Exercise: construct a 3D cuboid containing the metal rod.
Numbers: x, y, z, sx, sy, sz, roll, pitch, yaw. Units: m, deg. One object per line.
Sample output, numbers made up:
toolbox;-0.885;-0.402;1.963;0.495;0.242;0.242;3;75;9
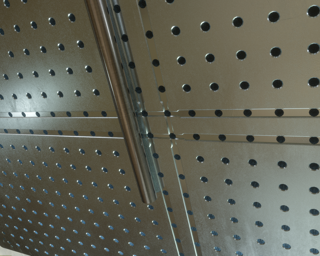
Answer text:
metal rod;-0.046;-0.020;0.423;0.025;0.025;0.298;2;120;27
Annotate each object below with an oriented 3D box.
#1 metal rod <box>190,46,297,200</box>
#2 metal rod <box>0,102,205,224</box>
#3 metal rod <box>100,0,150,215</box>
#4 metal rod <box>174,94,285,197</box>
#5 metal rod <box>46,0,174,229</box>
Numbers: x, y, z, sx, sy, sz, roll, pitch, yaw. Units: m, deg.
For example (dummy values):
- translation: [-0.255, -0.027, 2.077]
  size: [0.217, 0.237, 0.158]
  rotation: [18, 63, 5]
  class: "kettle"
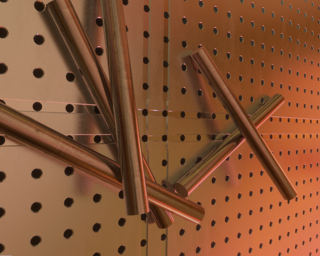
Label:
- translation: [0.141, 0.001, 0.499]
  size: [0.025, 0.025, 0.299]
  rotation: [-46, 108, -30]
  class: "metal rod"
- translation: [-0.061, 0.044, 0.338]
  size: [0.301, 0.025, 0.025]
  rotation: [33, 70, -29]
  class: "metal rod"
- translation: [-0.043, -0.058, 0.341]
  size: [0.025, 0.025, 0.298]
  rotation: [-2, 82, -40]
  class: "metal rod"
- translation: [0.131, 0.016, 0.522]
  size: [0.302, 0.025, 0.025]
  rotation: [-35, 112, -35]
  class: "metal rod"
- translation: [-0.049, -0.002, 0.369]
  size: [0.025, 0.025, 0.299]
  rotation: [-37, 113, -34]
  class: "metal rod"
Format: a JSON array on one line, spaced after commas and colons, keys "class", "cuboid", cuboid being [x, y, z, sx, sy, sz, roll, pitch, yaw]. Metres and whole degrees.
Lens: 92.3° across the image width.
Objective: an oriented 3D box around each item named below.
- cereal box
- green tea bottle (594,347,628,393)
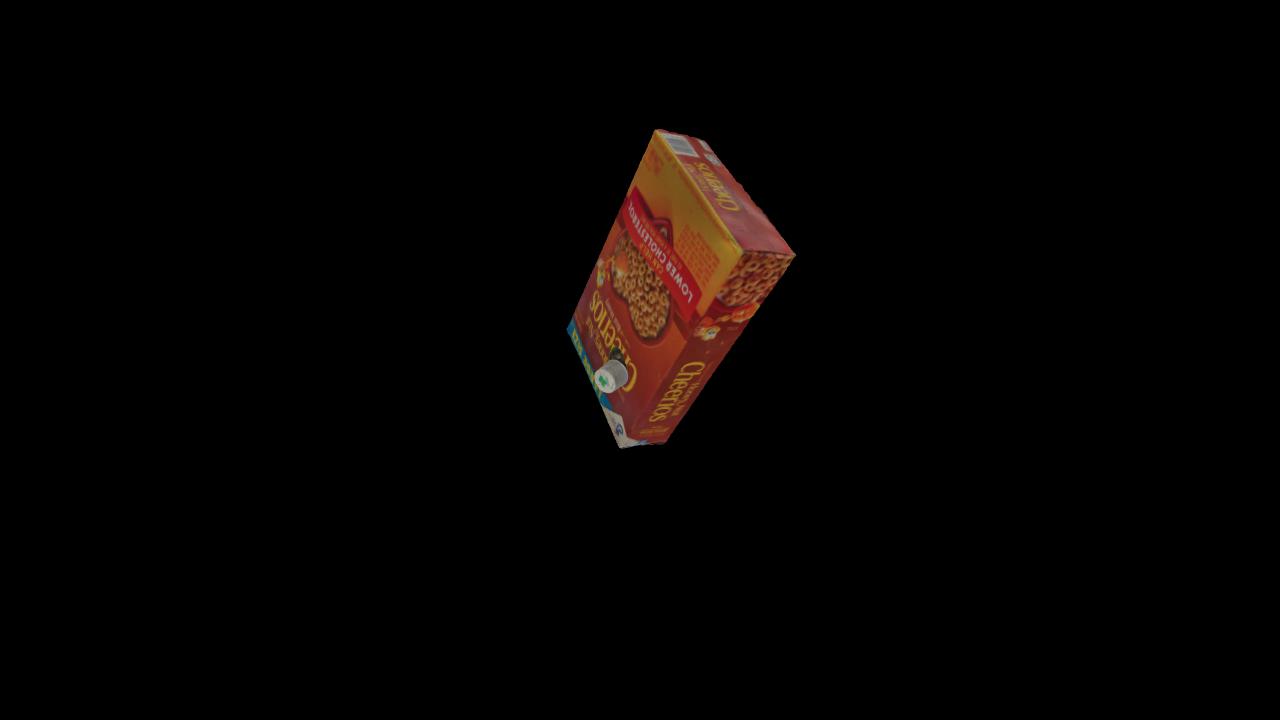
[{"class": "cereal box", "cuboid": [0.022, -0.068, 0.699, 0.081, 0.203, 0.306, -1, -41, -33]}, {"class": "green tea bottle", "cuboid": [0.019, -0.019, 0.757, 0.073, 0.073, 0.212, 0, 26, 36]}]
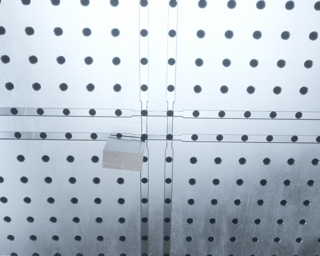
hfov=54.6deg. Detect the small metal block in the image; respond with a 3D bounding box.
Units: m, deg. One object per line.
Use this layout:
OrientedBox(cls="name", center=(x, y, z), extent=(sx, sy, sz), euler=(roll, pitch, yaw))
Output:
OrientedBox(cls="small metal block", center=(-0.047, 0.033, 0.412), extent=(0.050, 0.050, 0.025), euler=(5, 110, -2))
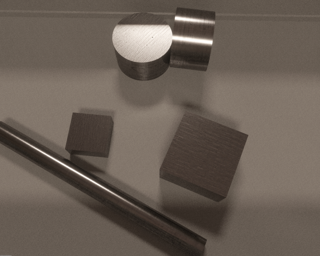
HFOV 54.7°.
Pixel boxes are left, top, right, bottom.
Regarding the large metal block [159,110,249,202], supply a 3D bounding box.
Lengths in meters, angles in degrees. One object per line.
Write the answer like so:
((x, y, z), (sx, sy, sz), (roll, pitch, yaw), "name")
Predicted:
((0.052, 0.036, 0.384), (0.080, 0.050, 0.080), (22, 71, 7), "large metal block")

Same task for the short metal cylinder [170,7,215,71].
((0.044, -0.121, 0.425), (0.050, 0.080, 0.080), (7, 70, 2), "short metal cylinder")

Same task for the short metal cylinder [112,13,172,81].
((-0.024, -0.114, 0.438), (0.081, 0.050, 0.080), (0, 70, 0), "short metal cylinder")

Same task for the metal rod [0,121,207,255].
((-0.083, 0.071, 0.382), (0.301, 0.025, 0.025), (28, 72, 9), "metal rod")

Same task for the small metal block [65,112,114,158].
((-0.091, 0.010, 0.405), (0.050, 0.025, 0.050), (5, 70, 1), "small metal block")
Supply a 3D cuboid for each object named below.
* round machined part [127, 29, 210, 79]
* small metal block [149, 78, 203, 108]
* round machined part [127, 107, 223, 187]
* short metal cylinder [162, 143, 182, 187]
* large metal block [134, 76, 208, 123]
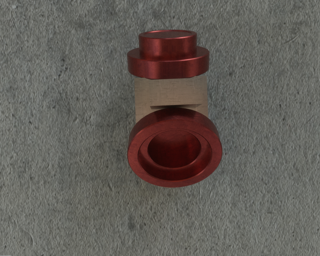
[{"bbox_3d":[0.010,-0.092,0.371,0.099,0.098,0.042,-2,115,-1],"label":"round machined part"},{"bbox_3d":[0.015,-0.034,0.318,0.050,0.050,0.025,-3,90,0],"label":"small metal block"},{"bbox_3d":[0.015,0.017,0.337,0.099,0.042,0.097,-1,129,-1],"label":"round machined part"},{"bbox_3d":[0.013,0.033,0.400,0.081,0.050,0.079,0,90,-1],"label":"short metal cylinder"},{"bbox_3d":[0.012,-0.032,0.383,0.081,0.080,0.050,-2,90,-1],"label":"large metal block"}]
• • •
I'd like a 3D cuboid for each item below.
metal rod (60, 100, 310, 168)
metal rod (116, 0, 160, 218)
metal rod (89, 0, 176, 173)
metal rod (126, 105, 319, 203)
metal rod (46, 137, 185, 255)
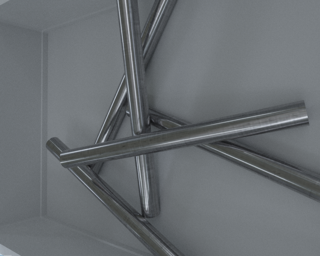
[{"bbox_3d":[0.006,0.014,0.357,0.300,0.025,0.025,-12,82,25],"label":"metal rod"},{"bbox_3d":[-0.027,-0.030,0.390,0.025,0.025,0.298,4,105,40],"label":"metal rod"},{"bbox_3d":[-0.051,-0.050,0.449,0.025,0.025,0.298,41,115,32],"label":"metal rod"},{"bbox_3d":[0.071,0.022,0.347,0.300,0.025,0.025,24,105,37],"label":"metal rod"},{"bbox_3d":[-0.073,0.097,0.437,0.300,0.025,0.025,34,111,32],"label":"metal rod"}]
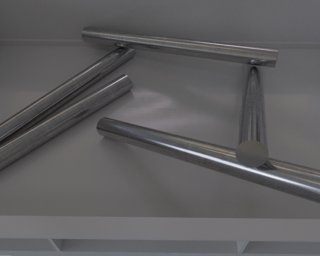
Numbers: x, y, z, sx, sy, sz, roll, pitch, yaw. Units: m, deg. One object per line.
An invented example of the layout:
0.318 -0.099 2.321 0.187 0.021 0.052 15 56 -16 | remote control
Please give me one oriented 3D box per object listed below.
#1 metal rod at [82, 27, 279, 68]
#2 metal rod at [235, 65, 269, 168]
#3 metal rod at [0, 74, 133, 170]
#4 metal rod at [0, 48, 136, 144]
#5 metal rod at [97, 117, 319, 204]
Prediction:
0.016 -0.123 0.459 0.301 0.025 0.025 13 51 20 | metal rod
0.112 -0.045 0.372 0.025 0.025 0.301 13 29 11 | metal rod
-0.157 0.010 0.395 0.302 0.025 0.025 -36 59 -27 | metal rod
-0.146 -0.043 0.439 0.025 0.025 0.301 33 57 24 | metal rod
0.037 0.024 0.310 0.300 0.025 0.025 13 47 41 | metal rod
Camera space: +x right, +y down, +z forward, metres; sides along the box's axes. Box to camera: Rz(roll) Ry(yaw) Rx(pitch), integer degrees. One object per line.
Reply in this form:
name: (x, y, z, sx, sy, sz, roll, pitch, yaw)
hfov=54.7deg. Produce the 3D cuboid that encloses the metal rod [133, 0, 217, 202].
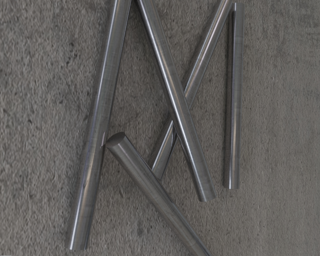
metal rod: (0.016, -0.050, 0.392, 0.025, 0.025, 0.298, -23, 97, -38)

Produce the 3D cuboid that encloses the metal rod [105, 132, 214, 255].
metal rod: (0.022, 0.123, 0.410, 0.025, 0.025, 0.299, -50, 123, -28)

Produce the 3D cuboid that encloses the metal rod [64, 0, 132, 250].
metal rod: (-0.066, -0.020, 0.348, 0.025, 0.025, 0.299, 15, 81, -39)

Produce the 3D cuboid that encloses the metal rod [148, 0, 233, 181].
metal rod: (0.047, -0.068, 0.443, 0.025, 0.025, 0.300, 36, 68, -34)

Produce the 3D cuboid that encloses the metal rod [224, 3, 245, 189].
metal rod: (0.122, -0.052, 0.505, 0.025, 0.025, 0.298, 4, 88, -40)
• • •
▶ ACTIVITY
Give the number of lines above in which the word "roll" occurs, with nothing else.

▶ ANSWER FOR THIS EXERCISE
8